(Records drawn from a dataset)
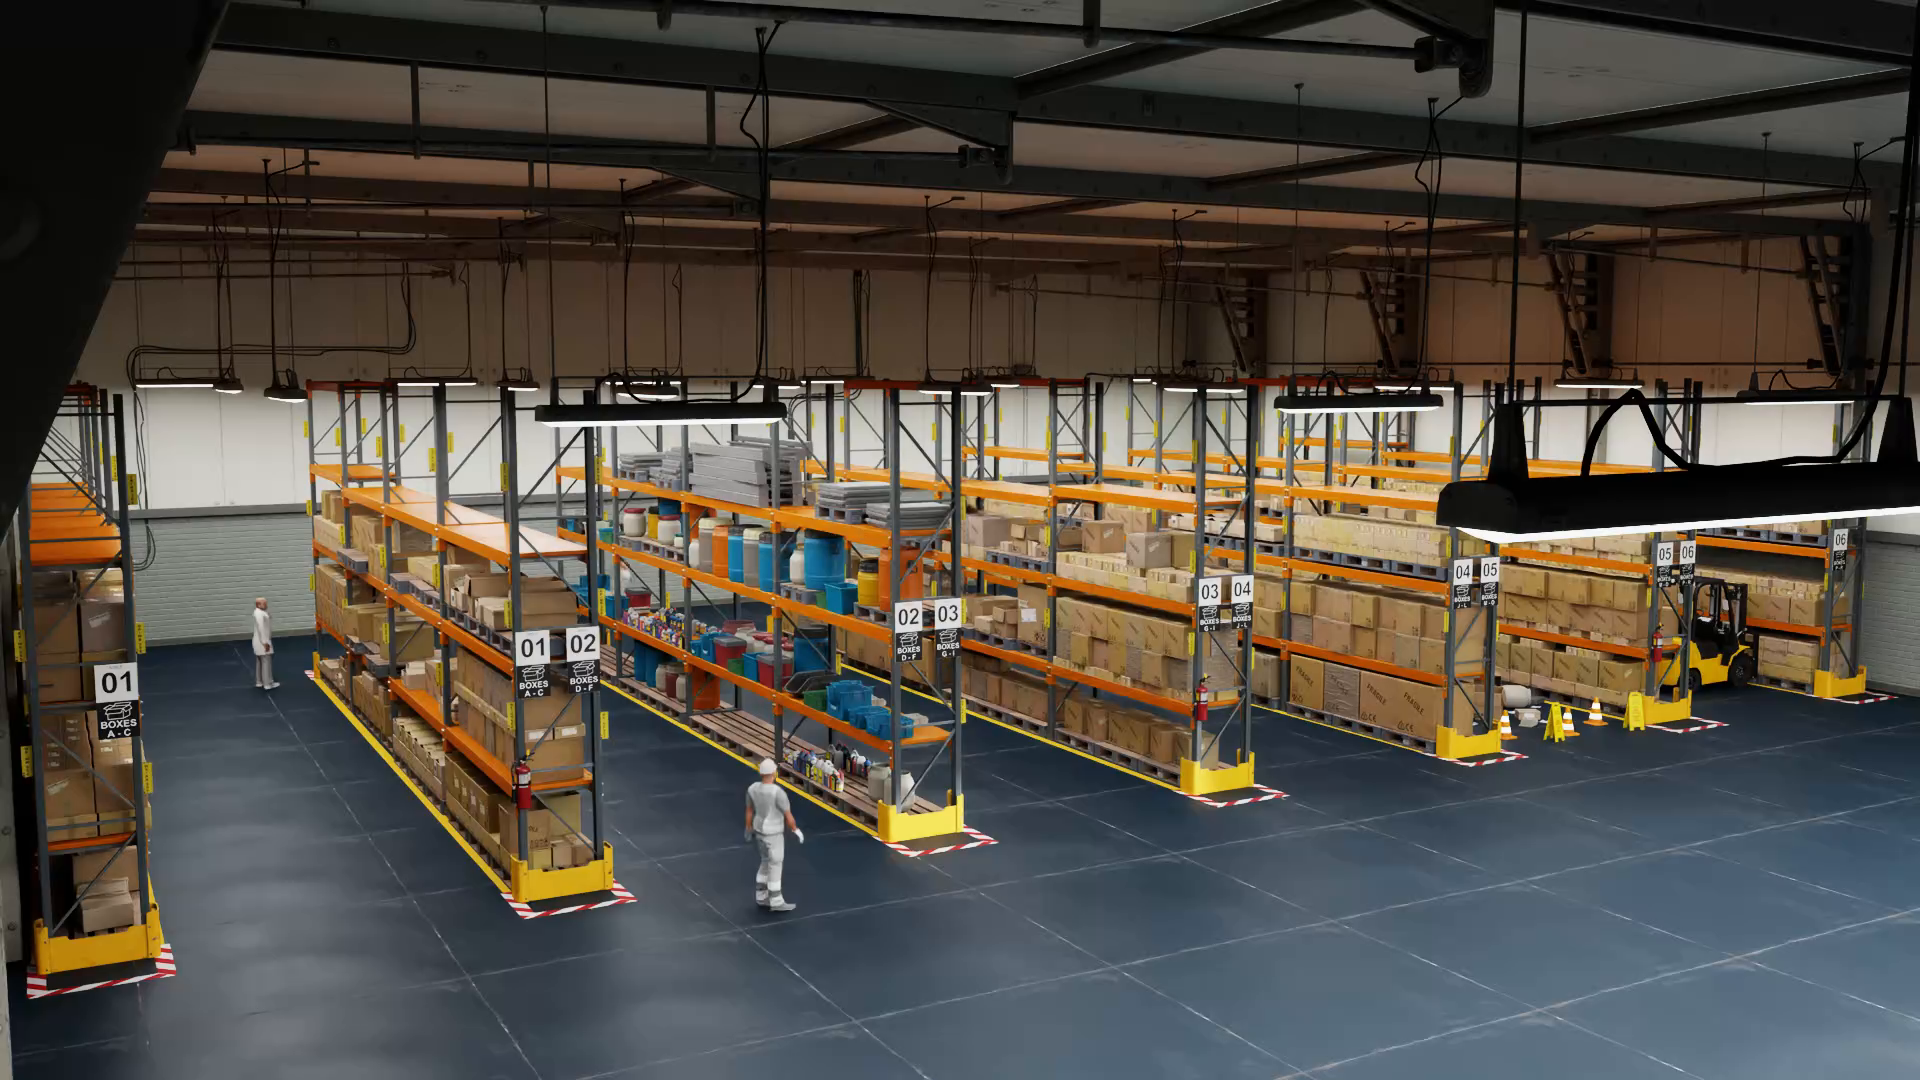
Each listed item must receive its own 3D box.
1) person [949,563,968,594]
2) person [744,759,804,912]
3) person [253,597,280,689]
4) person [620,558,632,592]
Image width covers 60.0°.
[{"bbox_3d":[-0.069,0.977,42.412,0.640,1.679,0.899,4,7,35],"label":"person"},{"bbox_3d":[-2.162,3.412,19.276,0.578,1.830,0.619,-4,8,-36],"label":"person"},{"bbox_3d":[-13.513,1.993,32.372,0.434,1.781,0.649,-4,7,-32],"label":"person"},{"bbox_3d":[-8.126,1.247,40.035,0.732,1.637,0.465,1,6,8],"label":"person"}]
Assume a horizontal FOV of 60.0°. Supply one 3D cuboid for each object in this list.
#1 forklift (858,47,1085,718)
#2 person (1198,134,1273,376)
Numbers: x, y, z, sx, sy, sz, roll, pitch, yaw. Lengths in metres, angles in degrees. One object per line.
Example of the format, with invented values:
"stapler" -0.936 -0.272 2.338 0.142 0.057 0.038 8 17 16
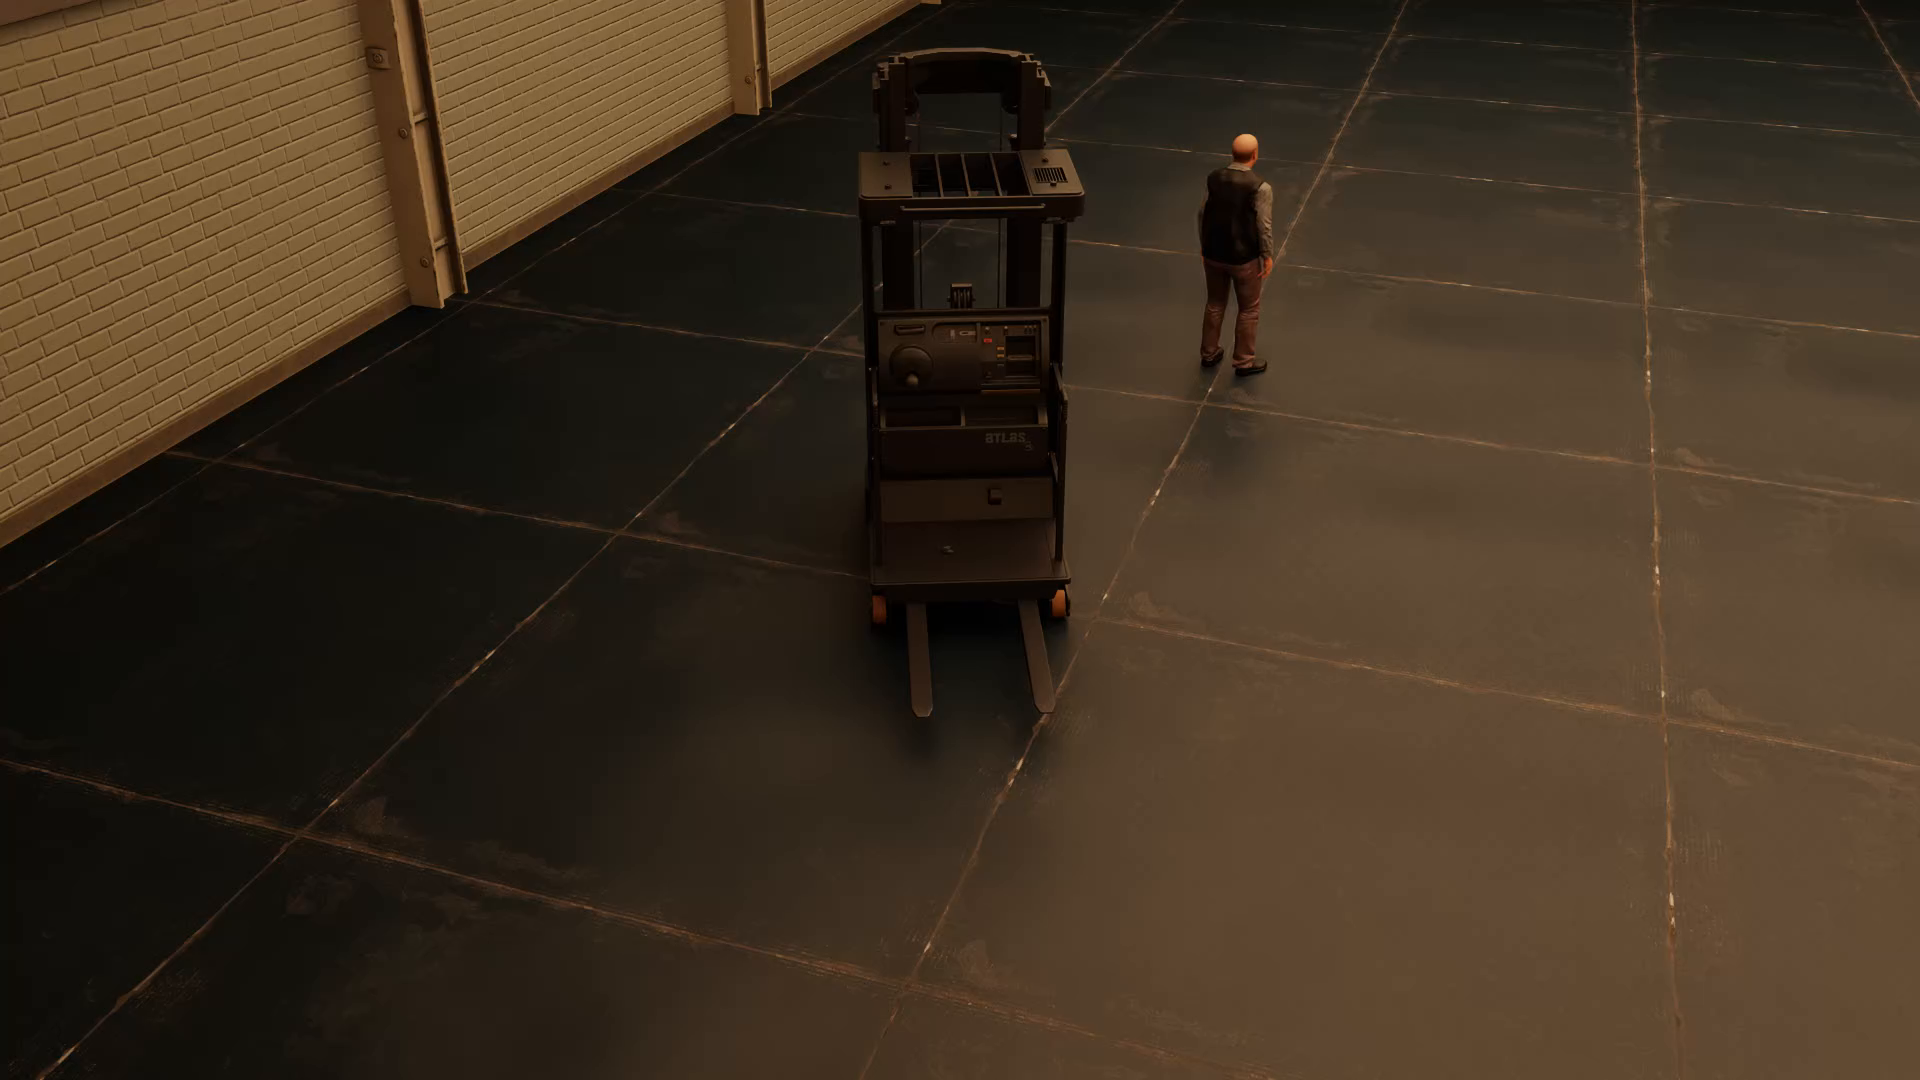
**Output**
"forklift" 0.035 -0.972 8.842 1.130 2.935 3.031 -2 30 -3
"person" 1.959 -2.037 11.932 0.581 1.721 0.413 21 36 33

## Work to complete:
Only the records, copied exactly and without pictures, should make up the answer.

## Exercise result:
Each listed item must receive its own 3D box.
1) person [949,563,968,594]
2) person [744,759,804,912]
3) person [253,597,280,689]
4) person [620,558,632,592]
Image width covers 60.0°.
[{"bbox_3d":[-0.069,0.977,42.412,0.640,1.679,0.899,4,7,35],"label":"person"},{"bbox_3d":[-2.162,3.412,19.276,0.578,1.830,0.619,-4,8,-36],"label":"person"},{"bbox_3d":[-13.513,1.993,32.372,0.434,1.781,0.649,-4,7,-32],"label":"person"},{"bbox_3d":[-8.126,1.247,40.035,0.732,1.637,0.465,1,6,8],"label":"person"}]
Assume a horizontal FOV of 60.0°. Supply one 3D cuboid for each object in this list.
#1 forklift (858,47,1085,718)
#2 person (1198,134,1273,376)
Numbers: x, y, z, sx, sy, sz, roll, pitch, yaw. Lengths in metres, angles in degrees. One object per line.
Example of the format, with invented values:
"stapler" -0.936 -0.272 2.338 0.142 0.057 0.038 8 17 16
**Output**
"forklift" 0.035 -0.972 8.842 1.130 2.935 3.031 -2 30 -3
"person" 1.959 -2.037 11.932 0.581 1.721 0.413 21 36 33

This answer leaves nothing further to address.